Sistem Islam pun tidak akan mematok harga pangan. Negara akan selalu mengawasi agar harga pangan di pasar senantiasa stabil dengan mengirimkan pengawas pasar (Qadhi Hisbah). Qadhi Hisbah inilah yang akan menyelesaikan berbagai masalah di pasar seperti kecurangan, penimbunan, rekayasa pasar, dan lainnya yang mengakibatkan harga tak terkendali.
Selanjutnya, negara akan menggunakan baitulmal sebagai penjaga kestabilan harga. Ketika terjadi panen raya dan stok pangan melimpah, negara akan membeli sisa pangan yang dibutuhkan pasar, kemudian menyimpannya di baitulmal. Ketika terjadi paceklik, maka pangan tersebut akan didistribusikan kepada rakyat. Sehingga tidak ada potensi negara menaikkan harga pangan atau bahkan sangat mudah mengambil opsi impor karena alasan stok pangan dalam negeri kurang.
Di sisi lain, negara Islam juga akan menutup seluruh keran impor dan berbagai kerjasama luar negeri yang berpotensi merugikan rakyat dan mengangkangi kedaulatan negara. Negara pun tidak hanya berperan memerhatikan produksi saja, lebih dari itu, negara Islam akan memastikan seluruh kebutuhan pangan sampai ke hadapan masyarakat, individu per individu, secara merata. Sebagaimana menjamin pada kebutuhan asasi lainnya.

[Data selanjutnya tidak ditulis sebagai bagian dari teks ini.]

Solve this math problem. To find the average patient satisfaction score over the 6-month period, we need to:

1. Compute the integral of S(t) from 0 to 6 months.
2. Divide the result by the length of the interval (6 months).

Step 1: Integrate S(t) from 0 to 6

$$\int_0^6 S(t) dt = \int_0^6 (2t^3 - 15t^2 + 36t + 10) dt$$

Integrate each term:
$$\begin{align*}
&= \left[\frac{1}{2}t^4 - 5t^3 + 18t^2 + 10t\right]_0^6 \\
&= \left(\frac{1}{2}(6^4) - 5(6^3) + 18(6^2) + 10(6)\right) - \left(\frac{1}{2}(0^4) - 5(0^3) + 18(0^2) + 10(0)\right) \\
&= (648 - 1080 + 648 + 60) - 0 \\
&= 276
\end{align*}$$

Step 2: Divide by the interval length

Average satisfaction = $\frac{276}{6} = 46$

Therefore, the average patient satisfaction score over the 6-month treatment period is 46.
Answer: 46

Demikian kesempurnaan sistem Islam dalam menyelesaikan masalah pangan. Hal ini bukan hanya omong kosong belaka. Sejarah mencatat selama 13 abad sistem Islam diterapkan dalam kehidupan, kesejahteraan, keamanan, kegemilangan peradabannya nyata adanya. Karena itu, masih adakah alasan bagi kita menolak sistem Islam? Wallahu a'lam bi ash-shawwab.